CustodesTechnologia / System

The repository devoted to plan, organize and execute work items pursuant to the System
0 stars 2 forks source link

Special Characters Not Converting #22

Closed Brother-Tyler closed 2 years ago

Brother-Tyler commented 2 years ago

For some reason, apostrophes [from the existing site] don't render in the update. Instead, they come out as "’" (http://beta.bolterandchainsword.com/topic/373283-updating-the-b38c-101/#comment-5797174).

Is this something that I can fix via the AdminCP (e.g., an auto-edit via the swear filter) or do we need to do something else?

sibomots commented 2 years ago

I don't know yet for sure the most effective way to fix that.

Likely a character encoding issue from Legacy to New. Character sets probably didn't get converted correctly via the automatic database upgrade back in Feb.

The brute force way to fix it is to edit the SQL tables in the beta site (upgraded site).

There might be an ACP tool for that, but I'd be suspicious of it.

The short answer is that this not hard to fix. It's just a bit tricky to find the tables and records that would hold this data. I can add it to my list of database work.

Brother-Tyler commented 2 years ago

For what it's worth, I've added it to the badword (swear) filter on the legacy site, changing that string of characters to an apostrophe. I'm not sure if that will work, but it might save you some work.

Actually, the problem is only when angled apostrophes (not sure of the technical name - apostrophes from fonts/character sets that aren't the standard apostrophes) are used.

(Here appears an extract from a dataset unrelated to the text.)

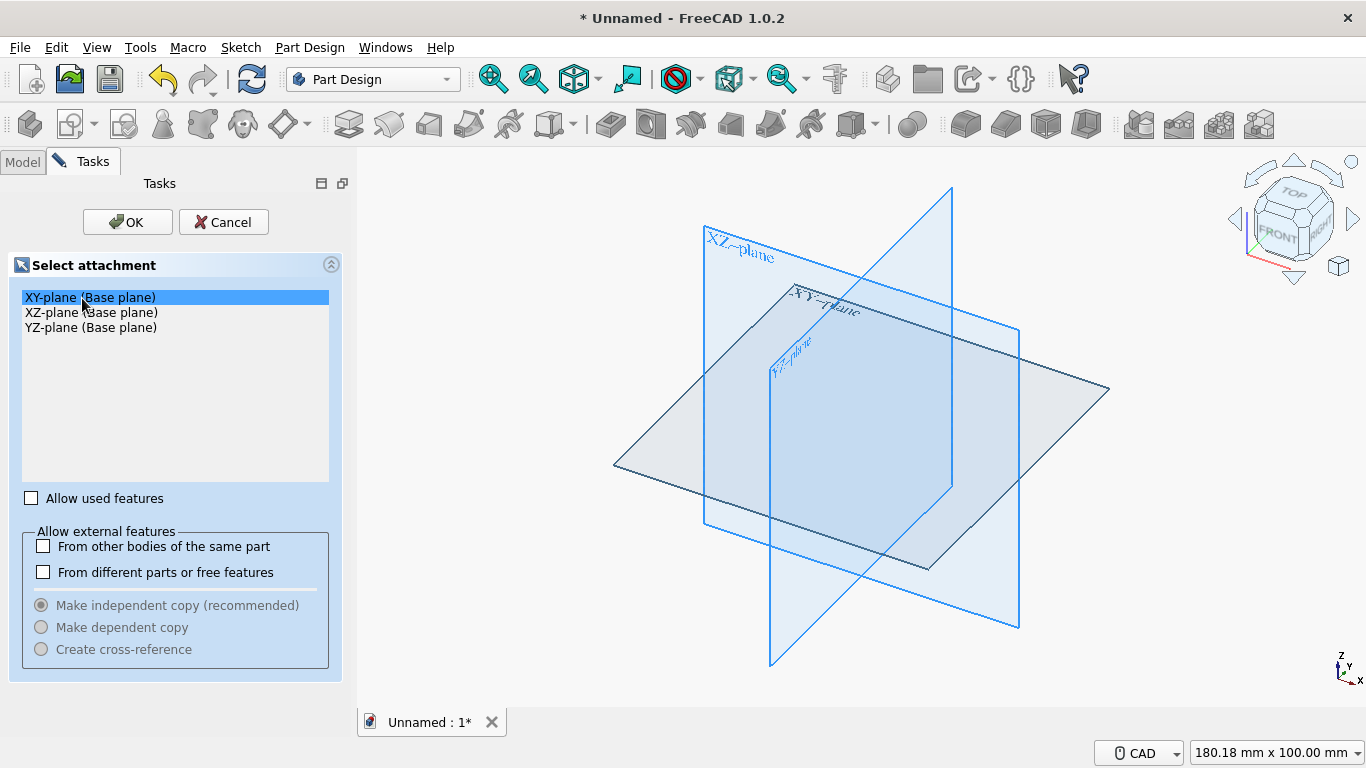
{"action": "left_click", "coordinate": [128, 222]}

Regular apostrophes seem to work just fine.

Brother-Tyler commented 2 years ago

(transcribed over from Tech Workshop)

Æ Latin Capital Letter Ae | Unicode number: U+00C6 | HTML-code: Æ (SCÆNICUS EXTUDO - number6's title with all caps) æ Latin Small Letter Ae | Unicode number: U+00E6 | HTML-code: æ (Præfect Sociorum - WarriorFish's title with normal capitalization) Ö Latin Capital Letter O with Diaeresis | Unicode number: U+00D6 | HTML-code: Ö (PETEYSÖDES) ö Latin Small Letter O with Diaeresis | Unicode number: U+00F6 | HTML-code: ö (PeteySödes) becomes ö á Latin Small Letter a with Acute | Unicode number: U+00E1 | HTML-code: á (Selgairhán - the Phoenix Lord I created for my DIY Void Hornets aspect warriors) becomes á É Latin Capital Letter E with Acute | Unicode number: U+00C9 | HTML-code: É (ULTHWÉ) é Latin Small Letter E with Acute | Unicode number: U+00E9 | HTML-code: é (Ulthwé and Forté) becomes é  Latin Capital Letter a with Circumflex | Unicode number: U+00C2 | HTML-code:  (KHÂRN) â Latin Small Letter a with Circumflex | Unicode number: U+00E2 | HTML-code: â (Khârn) becomes â

Brother-Tyler commented 2 years ago

From what I can see, most of these have been solved by including them in the site's word filter. I haven't found any that are still showing up as the alternate characters.

sibomots commented 2 years ago

I think it's fixed too. I think it had to do with the UTF-8 character encoding process step that was performed when the site upgrade was re-run on the real HW. It completed that task PRIOR to the upgrade in earnest so I was also glad to see that the encoding problem was resolved.

I'm closing this for now. If we see any more glitches related to character-set encoding, we can re-open a new ticket.